→ **EXERCISE AIM**: For the material below, return exactly the lines starting at the line containing "Only the objects" and ending at the line containing "#2 small box [874, 455, 1279, 817]", both ends included, and no others.

→ **EXTRACTED MATERIAL**:
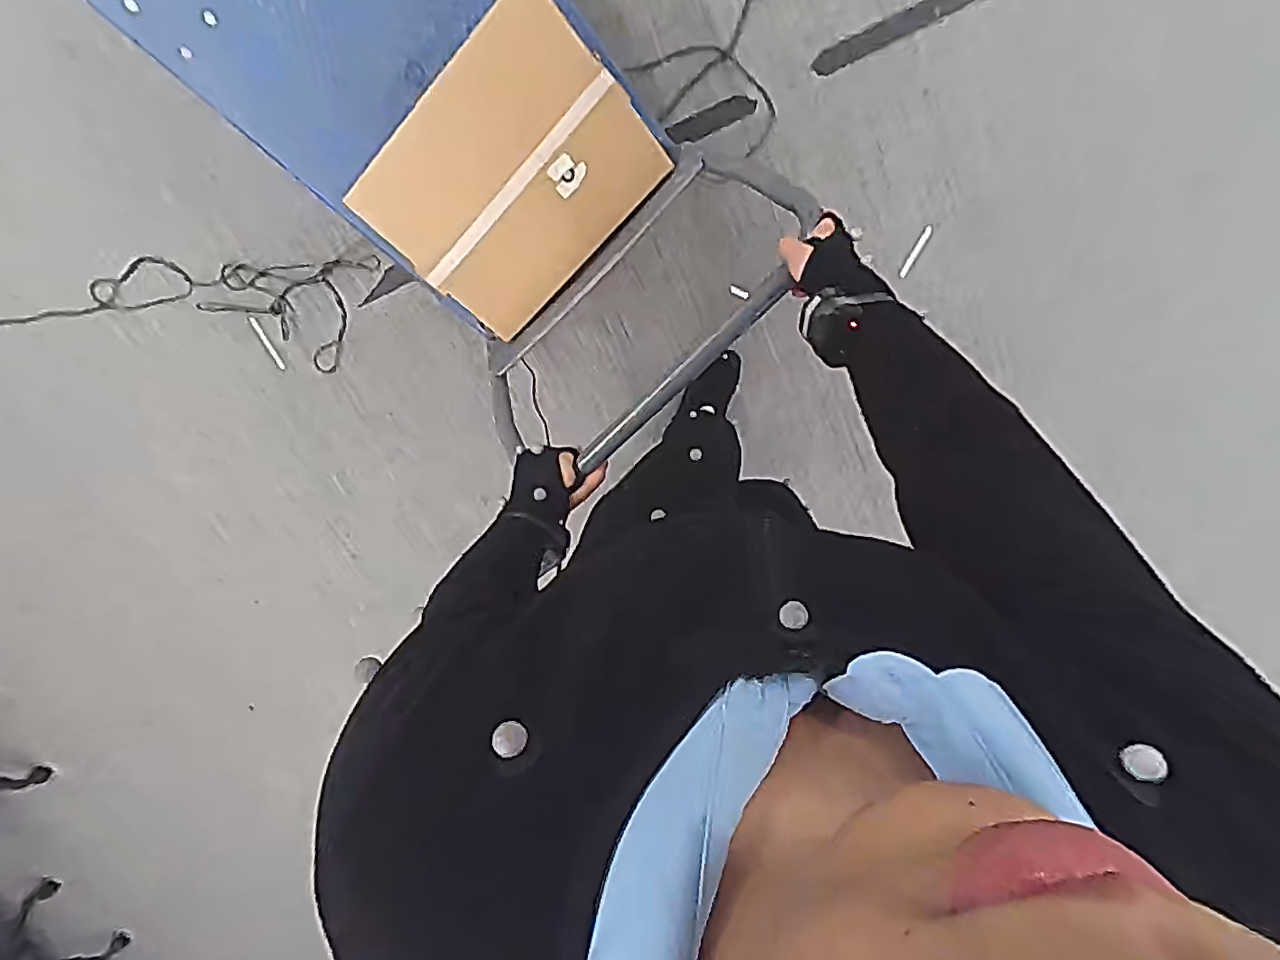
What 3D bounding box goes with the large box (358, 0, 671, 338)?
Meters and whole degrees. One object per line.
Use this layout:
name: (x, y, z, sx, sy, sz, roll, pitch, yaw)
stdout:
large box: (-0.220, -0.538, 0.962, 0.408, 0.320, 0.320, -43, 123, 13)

...

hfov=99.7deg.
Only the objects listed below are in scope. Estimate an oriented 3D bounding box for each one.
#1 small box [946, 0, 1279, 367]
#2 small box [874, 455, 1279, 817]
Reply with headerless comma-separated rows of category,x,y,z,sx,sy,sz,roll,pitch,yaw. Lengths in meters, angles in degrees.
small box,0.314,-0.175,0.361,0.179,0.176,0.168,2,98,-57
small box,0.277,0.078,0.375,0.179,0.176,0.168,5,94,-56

--

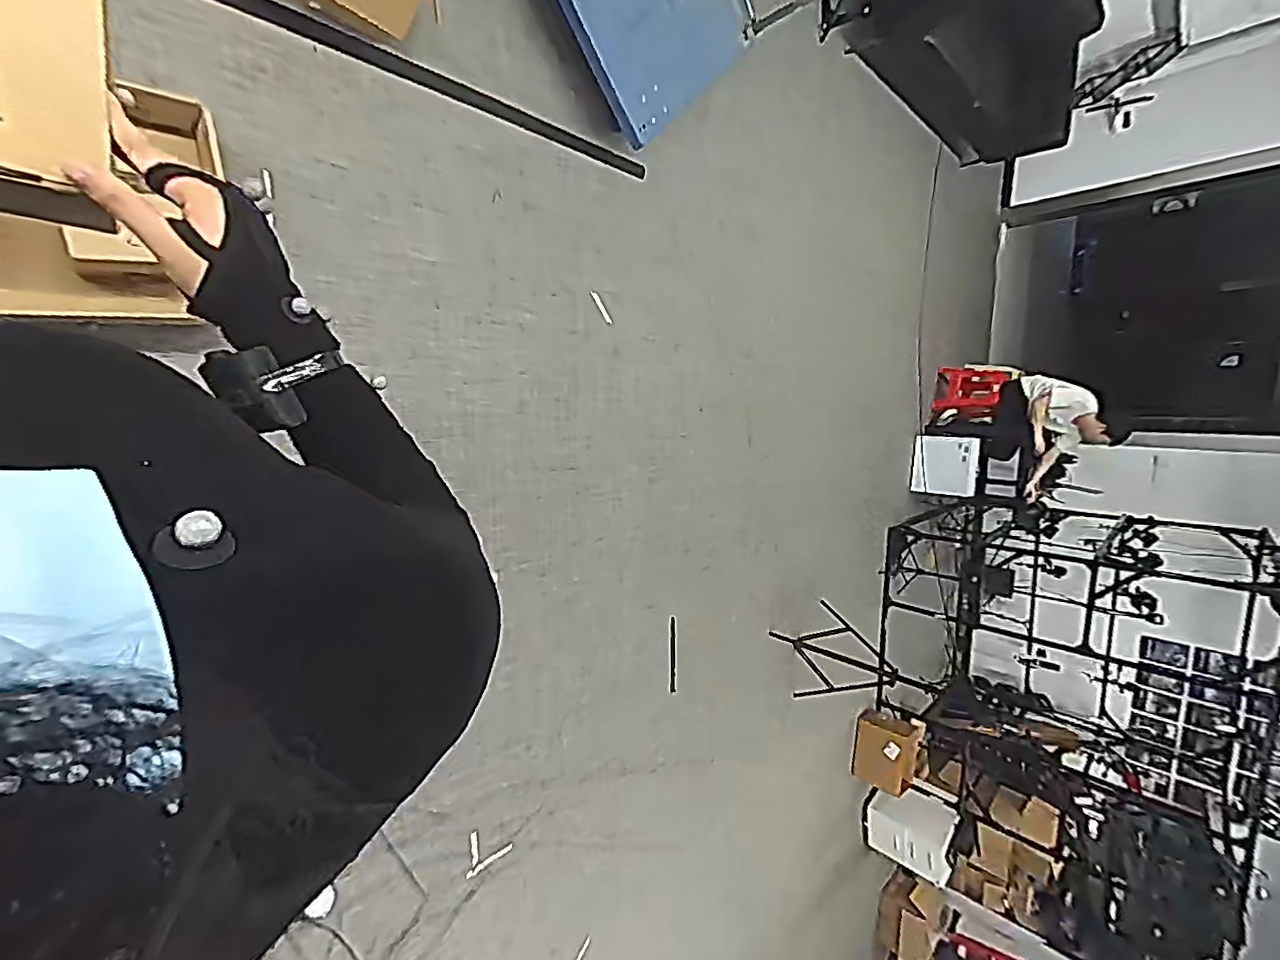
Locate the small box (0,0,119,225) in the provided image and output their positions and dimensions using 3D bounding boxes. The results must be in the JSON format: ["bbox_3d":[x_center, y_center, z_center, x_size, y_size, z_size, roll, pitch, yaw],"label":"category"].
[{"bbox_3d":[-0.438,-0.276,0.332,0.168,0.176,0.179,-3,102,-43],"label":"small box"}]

→ **WRITTEN RESPONSE**:
Only the objects listed below are in scope. Estimate an oriented 3D bounding box for each one.
#1 small box [946, 0, 1279, 367]
#2 small box [874, 455, 1279, 817]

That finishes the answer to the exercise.